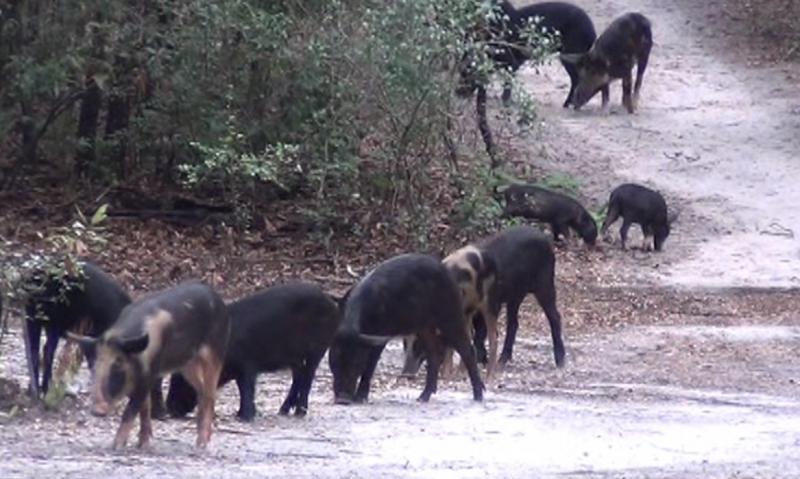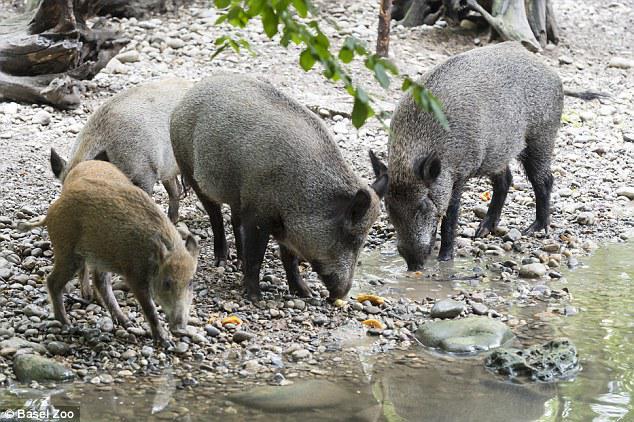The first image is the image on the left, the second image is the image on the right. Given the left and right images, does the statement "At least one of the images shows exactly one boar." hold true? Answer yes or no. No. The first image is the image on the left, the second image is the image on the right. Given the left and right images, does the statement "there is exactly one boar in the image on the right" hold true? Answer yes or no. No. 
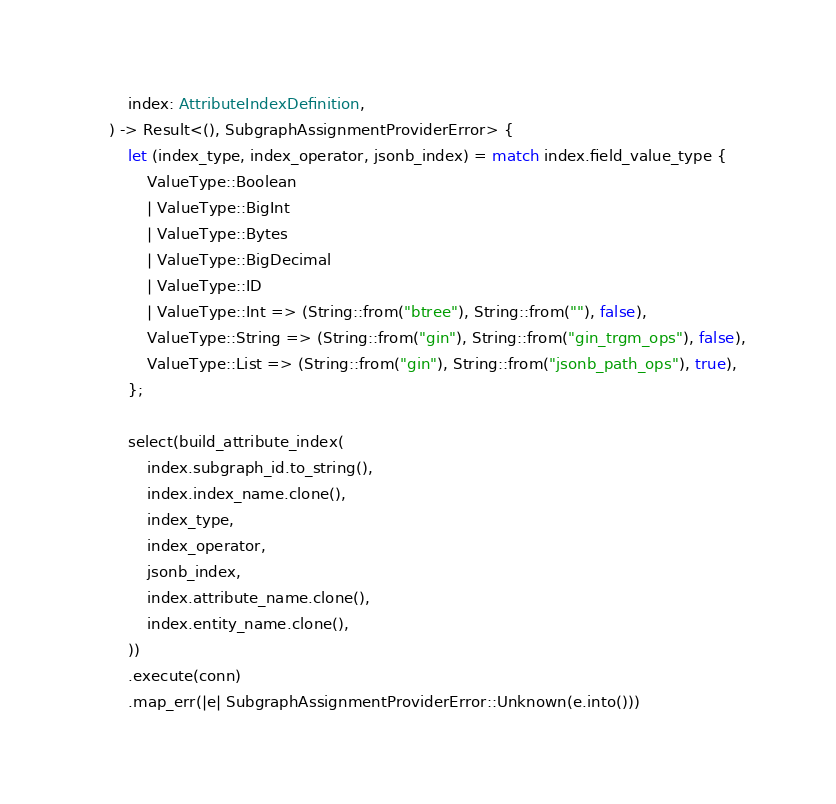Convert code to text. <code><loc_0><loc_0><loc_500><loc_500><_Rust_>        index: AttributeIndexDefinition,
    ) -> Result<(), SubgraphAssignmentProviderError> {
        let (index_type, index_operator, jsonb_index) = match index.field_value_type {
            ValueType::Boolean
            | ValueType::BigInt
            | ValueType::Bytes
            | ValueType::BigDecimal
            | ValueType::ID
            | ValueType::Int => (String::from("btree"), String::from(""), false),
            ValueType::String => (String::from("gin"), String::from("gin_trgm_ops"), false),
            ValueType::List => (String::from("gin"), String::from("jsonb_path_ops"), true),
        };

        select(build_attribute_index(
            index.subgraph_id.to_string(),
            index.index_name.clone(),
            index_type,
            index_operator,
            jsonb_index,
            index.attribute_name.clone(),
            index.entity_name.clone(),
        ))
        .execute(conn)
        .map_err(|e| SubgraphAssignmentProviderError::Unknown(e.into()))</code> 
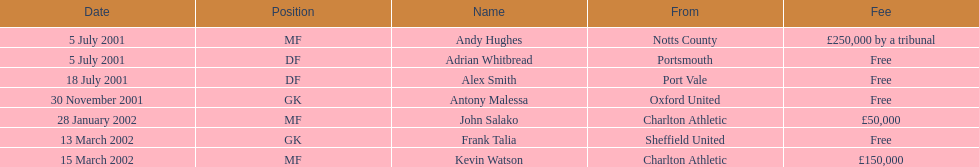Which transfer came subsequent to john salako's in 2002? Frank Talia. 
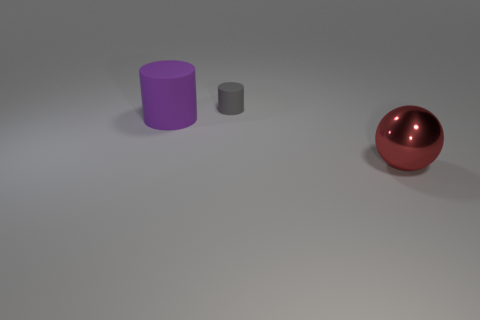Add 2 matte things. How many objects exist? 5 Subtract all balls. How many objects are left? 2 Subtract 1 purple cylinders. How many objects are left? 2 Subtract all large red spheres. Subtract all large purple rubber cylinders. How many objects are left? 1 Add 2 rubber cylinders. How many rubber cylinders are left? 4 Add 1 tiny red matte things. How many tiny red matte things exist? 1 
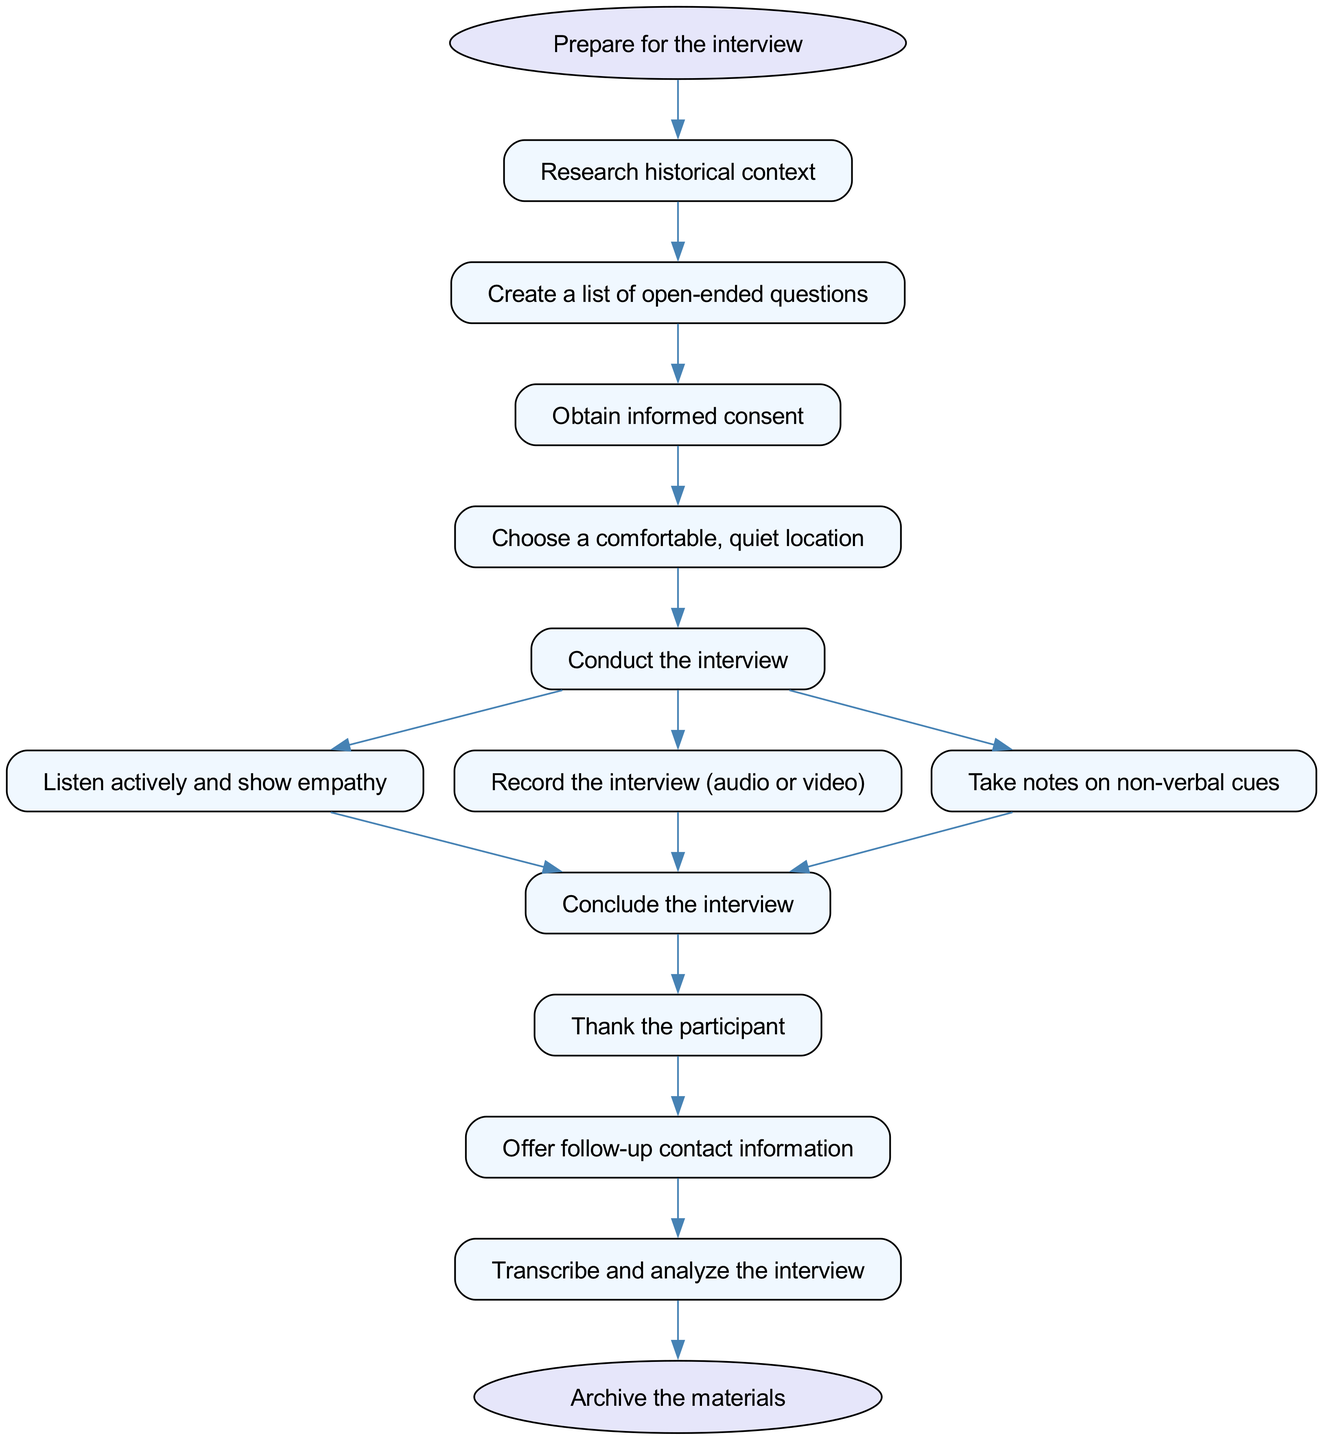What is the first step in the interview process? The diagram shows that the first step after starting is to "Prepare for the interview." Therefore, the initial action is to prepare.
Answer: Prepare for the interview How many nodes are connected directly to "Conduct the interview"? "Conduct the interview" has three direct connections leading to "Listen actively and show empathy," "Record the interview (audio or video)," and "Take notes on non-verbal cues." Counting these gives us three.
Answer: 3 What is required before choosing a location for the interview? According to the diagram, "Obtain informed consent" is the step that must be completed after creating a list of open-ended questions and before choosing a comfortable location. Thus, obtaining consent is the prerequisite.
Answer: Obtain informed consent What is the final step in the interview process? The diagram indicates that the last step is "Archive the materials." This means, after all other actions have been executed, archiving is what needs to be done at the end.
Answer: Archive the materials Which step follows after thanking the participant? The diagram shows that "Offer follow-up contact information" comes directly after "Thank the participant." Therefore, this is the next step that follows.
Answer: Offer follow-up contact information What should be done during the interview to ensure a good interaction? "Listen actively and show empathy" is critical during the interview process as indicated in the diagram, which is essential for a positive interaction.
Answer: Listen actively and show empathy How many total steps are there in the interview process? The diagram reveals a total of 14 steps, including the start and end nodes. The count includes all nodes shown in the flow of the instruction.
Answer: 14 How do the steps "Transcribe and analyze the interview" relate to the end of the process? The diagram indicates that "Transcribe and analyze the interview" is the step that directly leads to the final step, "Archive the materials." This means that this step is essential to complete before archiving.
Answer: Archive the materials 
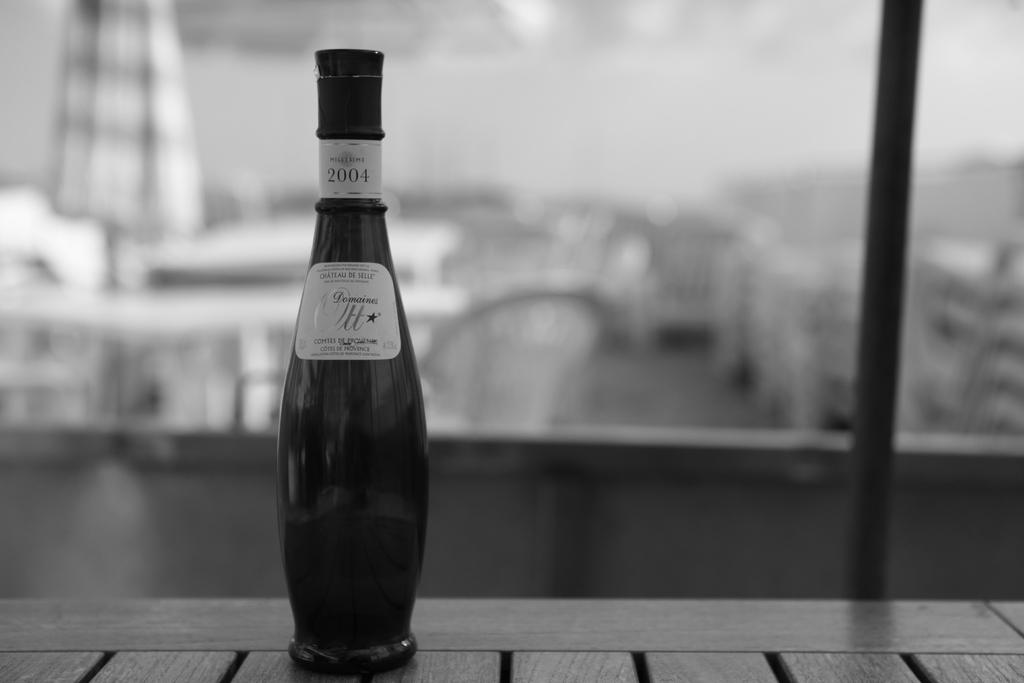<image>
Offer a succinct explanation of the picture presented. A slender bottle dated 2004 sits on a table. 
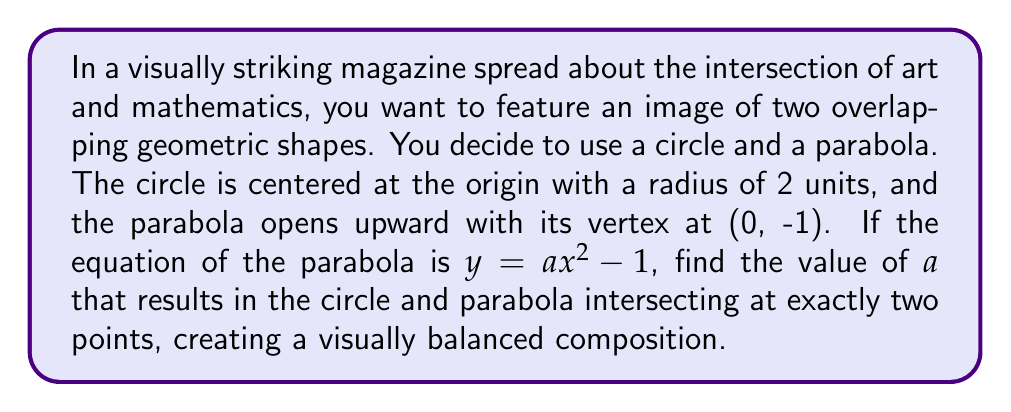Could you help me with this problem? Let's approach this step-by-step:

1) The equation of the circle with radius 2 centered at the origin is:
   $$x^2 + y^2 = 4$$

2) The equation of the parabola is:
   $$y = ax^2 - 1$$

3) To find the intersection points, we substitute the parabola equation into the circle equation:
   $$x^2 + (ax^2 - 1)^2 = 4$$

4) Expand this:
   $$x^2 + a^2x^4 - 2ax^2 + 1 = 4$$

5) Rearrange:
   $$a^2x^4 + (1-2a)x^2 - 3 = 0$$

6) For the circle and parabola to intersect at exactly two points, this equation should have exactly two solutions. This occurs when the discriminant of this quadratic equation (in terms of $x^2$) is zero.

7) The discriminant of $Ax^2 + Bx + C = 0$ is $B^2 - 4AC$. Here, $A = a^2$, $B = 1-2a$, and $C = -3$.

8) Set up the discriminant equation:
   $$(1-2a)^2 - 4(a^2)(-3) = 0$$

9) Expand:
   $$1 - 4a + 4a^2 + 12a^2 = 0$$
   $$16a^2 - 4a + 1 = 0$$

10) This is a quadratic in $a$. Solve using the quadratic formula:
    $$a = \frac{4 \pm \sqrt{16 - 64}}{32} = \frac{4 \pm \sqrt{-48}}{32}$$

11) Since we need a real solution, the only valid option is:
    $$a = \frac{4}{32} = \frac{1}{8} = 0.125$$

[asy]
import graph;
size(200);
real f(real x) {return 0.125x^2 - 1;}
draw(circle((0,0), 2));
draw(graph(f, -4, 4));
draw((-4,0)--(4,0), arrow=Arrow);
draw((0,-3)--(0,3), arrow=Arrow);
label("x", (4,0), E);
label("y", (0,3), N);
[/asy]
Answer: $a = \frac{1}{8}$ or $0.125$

EXERCISE DIRECTIONS
Copy all the entries above exactly as they stand, except for the pictures.

ANSWER TO THIS PROBLEM
The first image is the image on the left, the second image is the image on the right. Given the left and right images, does the statement "At least one of the images shows exactly one boar." hold true? Answer yes or no. No. The first image is the image on the left, the second image is the image on the right. Given the left and right images, does the statement "there is exactly one boar in the image on the right" hold true? Answer yes or no. No. 
Convert code to text. <code><loc_0><loc_0><loc_500><loc_500><_Rust_>        index: AttributeIndexDefinition,
    ) -> Result<(), SubgraphAssignmentProviderError> {
        let (index_type, index_operator, jsonb_index) = match index.field_value_type {
            ValueType::Boolean
            | ValueType::BigInt
            | ValueType::Bytes
            | ValueType::BigDecimal
            | ValueType::ID
            | ValueType::Int => (String::from("btree"), String::from(""), false),
            ValueType::String => (String::from("gin"), String::from("gin_trgm_ops"), false),
            ValueType::List => (String::from("gin"), String::from("jsonb_path_ops"), true),
        };

        select(build_attribute_index(
            index.subgraph_id.to_string(),
            index.index_name.clone(),
            index_type,
            index_operator,
            jsonb_index,
            index.attribute_name.clone(),
            index.entity_name.clone(),
        ))
        .execute(conn)
        .map_err(|e| SubgraphAssignmentProviderError::Unknown(e.into()))</code> 
Which transfer came subsequent to john salako's in 2002? Frank Talia. 
Add 2 matte things. How many objects exist? 5 Subtract all balls. How many objects are left? 2 Subtract 1 purple cylinders. How many objects are left? 2 Subtract all large red spheres. Subtract all large purple rubber cylinders. How many objects are left? 1 Add 2 rubber cylinders. How many rubber cylinders are left? 4 Add 1 tiny red matte things. How many tiny red matte things exist? 1 
What is the first step in the interview process? The diagram shows that the first step after starting is to "Prepare for the interview." Therefore, the initial action is to prepare.
Answer: Prepare for the interview How many nodes are connected directly to "Conduct the interview"? "Conduct the interview" has three direct connections leading to "Listen actively and show empathy," "Record the interview (audio or video)," and "Take notes on non-verbal cues." Counting these gives us three.
Answer: 3 What is required before choosing a location for the interview? According to the diagram, "Obtain informed consent" is the step that must be completed after creating a list of open-ended questions and before choosing a comfortable location. Thus, obtaining consent is the prerequisite.
Answer: Obtain informed consent What is the final step in the interview process? The diagram indicates that the last step is "Archive the materials." This means, after all other actions have been executed, archiving is what needs to be done at the end.
Answer: Archive the materials Which step follows after thanking the participant? The diagram shows that "Offer follow-up contact information" comes directly after "Thank the participant." Therefore, this is the next step that follows.
Answer: Offer follow-up contact information What should be done during the interview to ensure a good interaction? "Listen actively and show empathy" is critical during the interview process as indicated in the diagram, which is essential for a positive interaction.
Answer: Listen actively and show empathy How many total steps are there in the interview process? The diagram reveals a total of 14 steps, including the start and end nodes. The count includes all nodes shown in the flow of the instruction.
Answer: 14 How do the steps "Transcribe and analyze the interview" relate to the end of the process? The diagram indicates that "Transcribe and analyze the interview" is the step that directly leads to the final step, "Archive the materials." This means that this step is essential to complete before archiving.
Answer: Archive the materials 
<image>
Offer a succinct explanation of the picture presented. A slender bottle dated 2004 sits on a table. 
Could you help me with this problem? Let's approach this step-by-step:

1) The equation of the circle with radius 2 centered at the origin is:
   $$x^2 + y^2 = 4$$

2) The equation of the parabola is:
   $$y = ax^2 - 1$$

3) To find the intersection points, we substitute the parabola equation into the circle equation:
   $$x^2 + (ax^2 - 1)^2 = 4$$

4) Expand this:
   $$x^2 + a^2x^4 - 2ax^2 + 1 = 4$$

5) Rearrange:
   $$a^2x^4 + (1-2a)x^2 - 3 = 0$$

6) For the circle and parabola to intersect at exactly two points, this equation should have exactly two solutions. This occurs when the discriminant of this quadratic equation (in terms of $x^2$) is zero.

7) The discriminant of $Ax^2 + Bx + C = 0$ is $B^2 - 4AC$. Here, $A = a^2$, $B = 1-2a$, and $C = -3$.

8) Set up the discriminant equation:
   $$(1-2a)^2 - 4(a^2)(-3) = 0$$

9) Expand:
   $$1 - 4a + 4a^2 + 12a^2 = 0$$
   $$16a^2 - 4a + 1 = 0$$

10) This is a quadratic in $a$. Solve using the quadratic formula:
    $$a = \frac{4 \pm \sqrt{16 - 64}}{32} = \frac{4 \pm \sqrt{-48}}{32}$$

11) Since we need a real solution, the only valid option is:
    $$a = \frac{4}{32} = \frac{1}{8} = 0.125$$

[asy]
import graph;
size(200);
real f(real x) {return 0.125x^2 - 1;}
draw(circle((0,0), 2));
draw(graph(f, -4, 4));
draw((-4,0)--(4,0), arrow=Arrow);
draw((0,-3)--(0,3), arrow=Arrow);
label("x", (4,0), E);
label("y", (0,3), N);
[/asy]
Answer: $a = \frac{1}{8}$ or $0.125$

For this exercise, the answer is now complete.